### WHAT THE EXERCISE ASKS
Find the lines in the records that carry the word "stukken". Copy each one.

### RECORDS PROVIDED

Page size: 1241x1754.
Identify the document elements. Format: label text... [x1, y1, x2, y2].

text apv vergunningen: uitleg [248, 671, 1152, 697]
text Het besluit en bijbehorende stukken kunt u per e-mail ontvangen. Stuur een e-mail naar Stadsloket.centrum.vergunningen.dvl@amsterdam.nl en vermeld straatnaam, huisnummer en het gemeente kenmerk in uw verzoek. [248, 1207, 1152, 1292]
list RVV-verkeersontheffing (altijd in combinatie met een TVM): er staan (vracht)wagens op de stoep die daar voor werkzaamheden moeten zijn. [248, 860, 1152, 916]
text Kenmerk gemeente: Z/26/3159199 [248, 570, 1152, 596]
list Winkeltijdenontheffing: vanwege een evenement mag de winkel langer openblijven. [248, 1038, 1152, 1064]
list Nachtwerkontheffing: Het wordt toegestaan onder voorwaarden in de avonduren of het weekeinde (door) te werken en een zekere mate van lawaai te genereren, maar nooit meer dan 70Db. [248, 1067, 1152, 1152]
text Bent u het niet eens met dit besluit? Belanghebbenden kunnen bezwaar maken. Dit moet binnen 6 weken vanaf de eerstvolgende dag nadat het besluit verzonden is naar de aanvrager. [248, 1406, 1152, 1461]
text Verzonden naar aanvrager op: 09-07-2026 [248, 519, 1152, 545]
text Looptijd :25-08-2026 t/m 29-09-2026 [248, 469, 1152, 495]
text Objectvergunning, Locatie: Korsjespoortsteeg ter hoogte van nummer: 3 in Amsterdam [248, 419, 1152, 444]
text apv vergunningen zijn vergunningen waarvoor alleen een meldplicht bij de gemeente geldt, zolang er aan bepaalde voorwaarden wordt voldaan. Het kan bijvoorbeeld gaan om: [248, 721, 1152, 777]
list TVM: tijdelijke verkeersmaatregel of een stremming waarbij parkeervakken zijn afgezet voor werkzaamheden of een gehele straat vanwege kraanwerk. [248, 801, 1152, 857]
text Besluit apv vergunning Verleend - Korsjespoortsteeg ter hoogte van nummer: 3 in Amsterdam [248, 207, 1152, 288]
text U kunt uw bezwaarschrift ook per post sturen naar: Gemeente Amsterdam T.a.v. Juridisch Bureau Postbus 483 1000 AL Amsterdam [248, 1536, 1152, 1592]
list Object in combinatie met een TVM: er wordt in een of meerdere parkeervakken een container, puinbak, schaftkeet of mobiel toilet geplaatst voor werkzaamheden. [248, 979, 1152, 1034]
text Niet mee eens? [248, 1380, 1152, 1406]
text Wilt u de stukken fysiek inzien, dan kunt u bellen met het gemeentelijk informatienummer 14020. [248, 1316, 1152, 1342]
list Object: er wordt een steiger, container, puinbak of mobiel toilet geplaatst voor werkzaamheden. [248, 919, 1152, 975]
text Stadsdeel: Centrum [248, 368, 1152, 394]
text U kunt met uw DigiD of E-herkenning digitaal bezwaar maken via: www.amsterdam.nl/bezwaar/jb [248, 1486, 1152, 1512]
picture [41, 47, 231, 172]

### RESULT OF THIS TASK
text Het besluit en bijbehorende stukken kunt u per e-mail ontvangen. Stuur een e-mail naar Stadsloket.centrum.vergunningen.dvl@amsterdam.nl en vermeld straatnaam, huisnummer en het gemeente kenmerk in uw verzoek. [248, 1207, 1152, 1292]
text Wilt u de stukken fysiek inzien, dan kunt u bellen met het gemeentelijk informatienummer 14020. [248, 1316, 1152, 1342]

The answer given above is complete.